- The task:
Copy the listing as it is written, and leave each picture out.

- Data supplied:
-- Opening Marker --
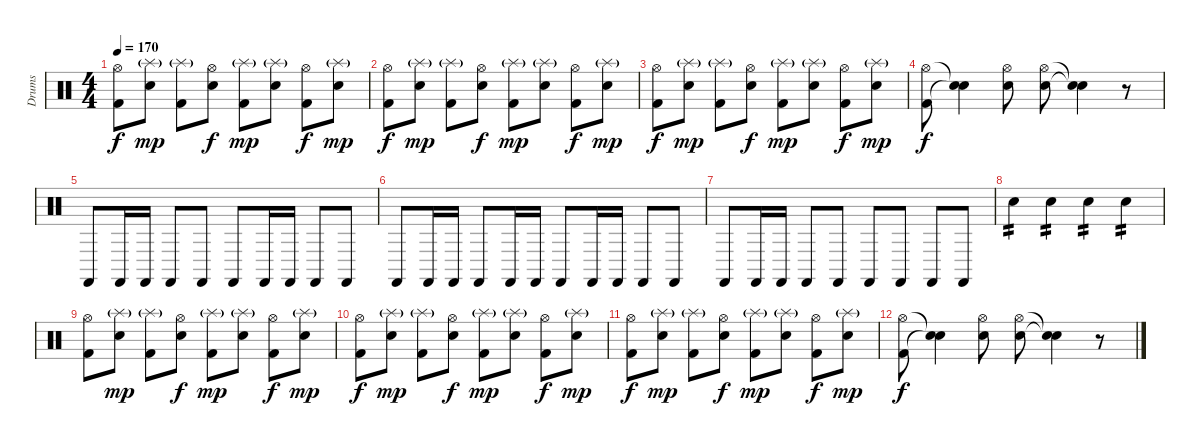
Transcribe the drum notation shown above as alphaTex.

\track ("Drums" "Drums") {instrument percussion}
\staff {score}
\articulation defaults
\ts (4 4)
\tempo 170
\clef neutral
\ks c
("Hi-Hat (open)" "Kick (hit) 2").8{dy f} ("Splash (hit)"{g} "Snare (hit) 2").8{dy mp} ("Splash (hit)"{g} "Kick (hit) 2").8 ("Hi-Hat (open)" "Snare (hit) 2").8{dy f} ("Splash (hit)"{g} "Kick (hit) 2").8{dy mp} ("Splash (hit)"{g} "Snare (hit) 2").8 ("Hi-Hat (open)" "Kick (hit) 2").8{dy f} ("Splash (hit)"{g} "Snare (hit) 2").8{dy mp} |
("Hi-Hat (open)" "Kick (hit) 2").8{dy f} ("Splash (hit)"{g} "Snare (hit) 2").8{dy mp} ("Splash (hit)"{g} "Kick (hit) 2").8 ("Hi-Hat (open)" "Snare (hit) 2").8{dy f} ("Splash (hit)"{g} "Kick (hit) 2").8{dy mp} ("Splash (hit)"{g} "Snare (hit) 2").8 ("Hi-Hat (open)" "Kick (hit) 2").8{dy f} ("Splash (hit)"{g} "Snare (hit) 2").8{dy mp} |
("Hi-Hat (open)" "Kick (hit) 2").8{dy f} ("Splash (hit)"{g} "Snare (hit) 2").8{dy mp} ("Splash (hit)"{g} "Kick (hit) 2").8 ("Hi-Hat (open)" "Snare (hit) 2").8{dy f} ("Splash (hit)"{g} "Kick (hit) 2").8{dy mp} ("Splash (hit)"{g} "Snare (hit) 2").8 ("Hi-Hat (open)" "Kick (hit) 2").8{dy f} ("Splash (hit)"{g} "Snare (hit) 2").8{dy mp} |
("Hi-Hat (open)" "Kick (hit) 2").8{dy f} ("Snare (hit)"{t} "Snare (hit)"{t}).4 ("Hi-Hat (open)" "Snare (hit) 2").8 ("Hi-Hat (open)" "Snare (hit) 2").8 ("Snare (hit)"{t} "Snare (hit)"{t}).4 r.8 |
"Castanets (hit)".8 "Castanets (hit)".16 "Castanets (hit)".16 "Castanets (hit)".8 "Castanets (hit)".8 "Castanets (hit)".8 "Castanets (hit)".16 "Castanets (hit)".16 "Castanets (hit)".8 "Castanets (hit)".8 |
"Castanets (hit)".8 "Castanets (hit)".16 "Castanets (hit)".16 "Castanets (hit)".8 "Castanets (hit)".16 "Castanets (hit)".16 "Castanets (hit)".8 "Castanets (hit)".16 "Castanets (hit)".16 "Castanets (hit)".8 "Castanets (hit)".8 |
"Castanets (hit)".8 "Castanets (hit)".16 "Castanets (hit)".16 "Castanets (hit)".8 "Castanets (hit)".8 "Castanets (hit)".8 "Castanets (hit)".8 "Castanets (hit)".8 "Castanets (hit)".8 |
"Electric Snare (hit)".4{tp 2} "Electric Snare (hit)".4{tp 2} "Electric Snare (hit)".4{tp 2} "Electric Snare (hit)".4{tp 2} |
("Hi-Hat (open)" "Kick (hit) 2").8 ("Splash (hit)"{g} "Snare (hit) 2").8{dy mp} ("Splash (hit)"{g} "Kick (hit) 2").8 ("Hi-Hat (open)" "Snare (hit) 2").8{dy f} ("Splash (hit)"{g} "Kick (hit) 2").8{dy mp} ("Splash (hit)"{g} "Snare (hit) 2").8 ("Hi-Hat (open)" "Kick (hit) 2").8{dy f} ("Splash (hit)"{g} "Snare (hit) 2").8{dy mp} |
("Hi-Hat (open)" "Kick (hit) 2").8{dy f} ("Splash (hit)"{g} "Snare (hit) 2").8{dy mp} ("Splash (hit)"{g} "Kick (hit) 2").8 ("Hi-Hat (open)" "Snare (hit) 2").8{dy f} ("Splash (hit)"{g} "Kick (hit) 2").8{dy mp} ("Splash (hit)"{g} "Snare (hit) 2").8 ("Hi-Hat (open)" "Kick (hit) 2").8{dy f} ("Splash (hit)"{g} "Snare (hit) 2").8{dy mp} |
("Hi-Hat (open)" "Kick (hit) 2").8{dy f} ("Splash (hit)"{g} "Snare (hit) 2").8{dy mp} ("Splash (hit)"{g} "Kick (hit) 2").8 ("Hi-Hat (open)" "Snare (hit) 2").8{dy f} ("Splash (hit)"{g} "Kick (hit) 2").8{dy mp} ("Splash (hit)"{g} "Snare (hit) 2").8 ("Hi-Hat (open)" "Kick (hit) 2").8{dy f} ("Splash (hit)"{g} "Snare (hit) 2").8{dy mp} |
("Hi-Hat (open)" "Kick (hit) 2").8{dy f} ("Snare (hit)"{t} "Snare (hit)"{t}).4 ("Hi-Hat (open)" "Snare (hit) 2").8 ("Hi-Hat (open)" "Snare (hit) 2").8 ("Snare (hit)"{t} "Snare (hit)"{t}).4 r.8
-- Closing Marker --
- Response area:
Transcribe the drum notation shown above as alphaTex.

\track ("Drums" "Drums") {instrument percussion}
\staff {score}
\articulation defaults
\ts (4 4)
\tempo 170
\clef neutral
\ks c
("Hi-Hat (open)" "Kick (hit) 2").8{dy f} ("Splash (hit)"{g} "Snare (hit) 2").8{dy mp} ("Splash (hit)"{g} "Kick (hit) 2").8 ("Hi-Hat (open)" "Snare (hit) 2").8{dy f} ("Splash (hit)"{g} "Kick (hit) 2").8{dy mp} ("Splash (hit)"{g} "Snare (hit) 2").8 ("Hi-Hat (open)" "Kick (hit) 2").8{dy f} ("Splash (hit)"{g} "Snare (hit) 2").8{dy mp} |
("Hi-Hat (open)" "Kick (hit) 2").8{dy f} ("Splash (hit)"{g} "Snare (hit) 2").8{dy mp} ("Splash (hit)"{g} "Kick (hit) 2").8 ("Hi-Hat (open)" "Snare (hit) 2").8{dy f} ("Splash (hit)"{g} "Kick (hit) 2").8{dy mp} ("Splash (hit)"{g} "Snare (hit) 2").8 ("Hi-Hat (open)" "Kick (hit) 2").8{dy f} ("Splash (hit)"{g} "Snare (hit) 2").8{dy mp} |
("Hi-Hat (open)" "Kick (hit) 2").8{dy f} ("Splash (hit)"{g} "Snare (hit) 2").8{dy mp} ("Splash (hit)"{g} "Kick (hit) 2").8 ("Hi-Hat (open)" "Snare (hit) 2").8{dy f} ("Splash (hit)"{g} "Kick (hit) 2").8{dy mp} ("Splash (hit)"{g} "Snare (hit) 2").8 ("Hi-Hat (open)" "Kick (hit) 2").8{dy f} ("Splash (hit)"{g} "Snare (hit) 2").8{dy mp} |
("Hi-Hat (open)" "Kick (hit) 2").8{dy f} ("Snare (hit)"{t} "Snare (hit)"{t}).4 ("Hi-Hat (open)" "Snare (hit) 2").8 ("Hi-Hat (open)" "Snare (hit) 2").8 ("Snare (hit)"{t} "Snare (hit)"{t}).4 r.8 |
"Castanets (hit)".8 "Castanets (hit)".16 "Castanets (hit)".16 "Castanets (hit)".8 "Castanets (hit)".8 "Castanets (hit)".8 "Castanets (hit)".16 "Castanets (hit)".16 "Castanets (hit)".8 "Castanets (hit)".8 |
"Castanets (hit)".8 "Castanets (hit)".16 "Castanets (hit)".16 "Castanets (hit)".8 "Castanets (hit)".16 "Castanets (hit)".16 "Castanets (hit)".8 "Castanets (hit)".16 "Castanets (hit)".16 "Castanets (hit)".8 "Castanets (hit)".8 |
"Castanets (hit)".8 "Castanets (hit)".16 "Castanets (hit)".16 "Castanets (hit)".8 "Castanets (hit)".8 "Castanets (hit)".8 "Castanets (hit)".8 "Castanets (hit)".8 "Castanets (hit)".8 |
"Electric Snare (hit)".4{tp 2} "Electric Snare (hit)".4{tp 2} "Electric Snare (hit)".4{tp 2} "Electric Snare (hit)".4{tp 2} |
("Hi-Hat (open)" "Kick (hit) 2").8 ("Splash (hit)"{g} "Snare (hit) 2").8{dy mp} ("Splash (hit)"{g} "Kick (hit) 2").8 ("Hi-Hat (open)" "Snare (hit) 2").8{dy f} ("Splash (hit)"{g} "Kick (hit) 2").8{dy mp} ("Splash (hit)"{g} "Snare (hit) 2").8 ("Hi-Hat (open)" "Kick (hit) 2").8{dy f} ("Splash (hit)"{g} "Snare (hit) 2").8{dy mp} |
("Hi-Hat (open)" "Kick (hit) 2").8{dy f} ("Splash (hit)"{g} "Snare (hit) 2").8{dy mp} ("Splash (hit)"{g} "Kick (hit) 2").8 ("Hi-Hat (open)" "Snare (hit) 2").8{dy f} ("Splash (hit)"{g} "Kick (hit) 2").8{dy mp} ("Splash (hit)"{g} "Snare (hit) 2").8 ("Hi-Hat (open)" "Kick (hit) 2").8{dy f} ("Splash (hit)"{g} "Snare (hit) 2").8{dy mp} |
("Hi-Hat (open)" "Kick (hit) 2").8{dy f} ("Splash (hit)"{g} "Snare (hit) 2").8{dy mp} ("Splash (hit)"{g} "Kick (hit) 2").8 ("Hi-Hat (open)" "Snare (hit) 2").8{dy f} ("Splash (hit)"{g} "Kick (hit) 2").8{dy mp} ("Splash (hit)"{g} "Snare (hit) 2").8 ("Hi-Hat (open)" "Kick (hit) 2").8{dy f} ("Splash (hit)"{g} "Snare (hit) 2").8{dy mp} |
("Hi-Hat (open)" "Kick (hit) 2").8{dy f} ("Snare (hit)"{t} "Snare (hit)"{t}).4 ("Hi-Hat (open)" "Snare (hit) 2").8 ("Hi-Hat (open)" "Snare (hit) 2").8 ("Snare (hit)"{t} "Snare (hit)"{t}).4 r.8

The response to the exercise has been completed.